I can’t decide which approach is greater than (1) idiomatic Perl, (2) effective or (3) “clear”.

Let me explain by code. First i can do

sub something { ... $ref->{size} = 10; $ref->{name} = "Foo"; $ref->{volume} = 100; push (@references, $ref); ... return @references; }

or, I can do

 sub something { ... push (@names, "Foo"); $sizes{Foo} = 10; $volumes{Foo} = 100; ... return (\@names, \%sizes, \%volumes); }

Both do essentially the same thing.
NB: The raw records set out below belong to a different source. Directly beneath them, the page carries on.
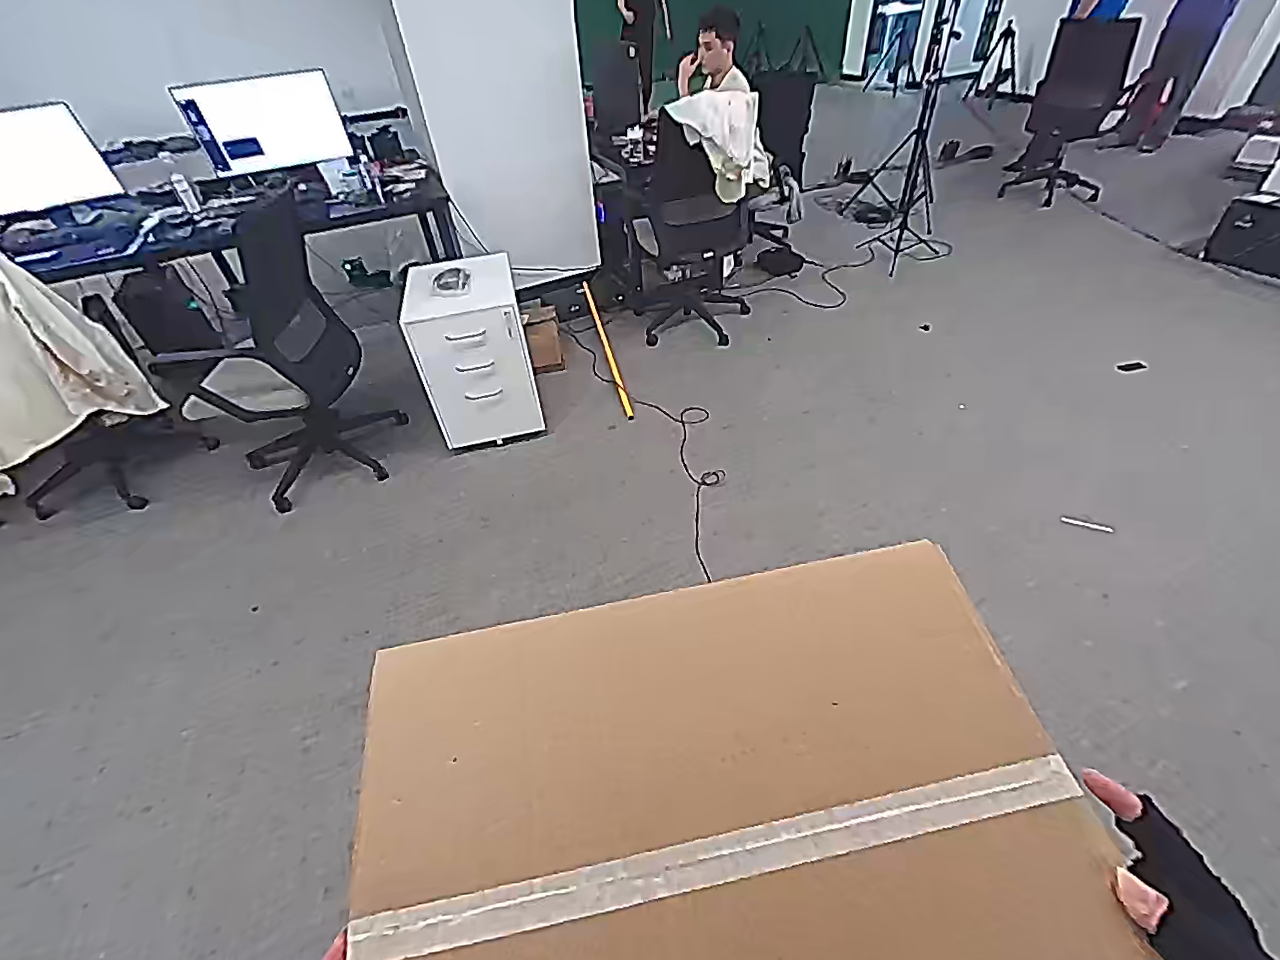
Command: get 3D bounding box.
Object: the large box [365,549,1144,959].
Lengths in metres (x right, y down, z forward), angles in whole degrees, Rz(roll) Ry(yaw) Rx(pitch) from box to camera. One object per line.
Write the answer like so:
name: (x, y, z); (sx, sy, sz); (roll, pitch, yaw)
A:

The important thing is that I need an array, because I need to keep order.

I know there are always several ways to do something, but still, which one would you prefer?

+4

data-structures perl

Karel bílek Jul 24 '09 at 19:33

source share

4 answers

I really prefer the first. It stores one “packet” of data (size, name, volume) and makes much more readable code.

+5

Thomas Jul 24 '09 at 19:36

source share

Store related data together. The only reason to create large parallel arrays is because you are forced to.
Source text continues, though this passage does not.